Highlights & Insights¶
- The design idea of "inferring functionality via interaction differences" is highly clever—seamlessly mimicking the way humans explore unfamiliar interfaces.
- Dual-LLM quality control ensures that the fully automatic pipeline achieves quality comparable to human annotation.
- Data scaling effects indicate that the pipeline is highly scalable.
- The finding that functionality annotations > HTML annotations demonstrates the immense value of contextualized semantic descriptions.

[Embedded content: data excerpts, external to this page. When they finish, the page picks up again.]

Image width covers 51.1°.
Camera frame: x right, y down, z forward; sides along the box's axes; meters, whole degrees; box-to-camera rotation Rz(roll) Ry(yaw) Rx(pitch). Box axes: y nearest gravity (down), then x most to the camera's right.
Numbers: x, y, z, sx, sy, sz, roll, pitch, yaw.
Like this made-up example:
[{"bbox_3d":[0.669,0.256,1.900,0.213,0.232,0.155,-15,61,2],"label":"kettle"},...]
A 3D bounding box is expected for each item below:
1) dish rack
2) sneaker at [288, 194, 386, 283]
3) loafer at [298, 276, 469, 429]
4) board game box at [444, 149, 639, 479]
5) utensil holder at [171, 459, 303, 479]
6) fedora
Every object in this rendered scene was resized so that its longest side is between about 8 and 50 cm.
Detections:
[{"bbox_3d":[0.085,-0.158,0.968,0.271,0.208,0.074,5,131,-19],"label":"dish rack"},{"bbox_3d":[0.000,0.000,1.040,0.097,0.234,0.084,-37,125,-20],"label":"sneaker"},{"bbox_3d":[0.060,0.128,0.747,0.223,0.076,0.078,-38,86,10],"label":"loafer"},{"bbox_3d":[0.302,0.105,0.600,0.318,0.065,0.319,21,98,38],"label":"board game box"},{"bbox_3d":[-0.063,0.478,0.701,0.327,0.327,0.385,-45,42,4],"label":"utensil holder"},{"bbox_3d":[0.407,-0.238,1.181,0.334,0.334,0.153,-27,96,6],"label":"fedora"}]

Limitations & Future Work¶
- Only Web and Android platforms are covered, leaving iOS and desktop applications unaddressed.

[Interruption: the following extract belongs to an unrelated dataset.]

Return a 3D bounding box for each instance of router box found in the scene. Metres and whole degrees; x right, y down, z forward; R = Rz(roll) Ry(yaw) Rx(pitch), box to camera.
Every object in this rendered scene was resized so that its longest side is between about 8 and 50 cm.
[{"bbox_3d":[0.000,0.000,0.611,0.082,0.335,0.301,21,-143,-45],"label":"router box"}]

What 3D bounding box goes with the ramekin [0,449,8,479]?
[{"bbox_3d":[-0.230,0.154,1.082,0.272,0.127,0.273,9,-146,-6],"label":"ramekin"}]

- The current pipeline cannot annotate elements that modify remote internet content (e.g., posting or purchasing).
- Lack of goal-oriented interaction trajectories (only random interactions are used).
- Some low-traffic websites experience rendering distortion under mobile resolutions.
Related Work & Insights¶
- vs SeeClick (Cheng et al. 2024): SeeClick uses only static pages and HTML annotations—Ours leverages interaction differences and LLM inference.
- vs Widget Captioning (Li et al. 2020): Relies on 163K human annotations—Ours is fully automatic, scaling to 704K with comparable quality.
- vs UGround (Gou et al. 2025): Provides only brief functional descriptions—Ours provides contextualized and detailed functionality annotations.
- Insight: The data bottleneck in UI understanding can be thoroughly resolved through automatic interaction and LLM inference.
Rating¶
- Novelty: ⭐⭐⭐⭐ The first fully automatic UI functionality annotation pipeline; the concept of inferring functionality via interaction differences is highly novel.
- Experimental Thoroughness: ⭐⭐⭐⭐ 704K dataset + multiple VLMs + scalability + agent applications.
- Writing Quality: ⭐⭐⭐⭐ The description of the pipeline is clear and well-structured.
- Value: ⭐⭐⭐⭐⭐ Resolves the data bottleneck in UI understanding, offering foundational infrastructure value for GUI agents.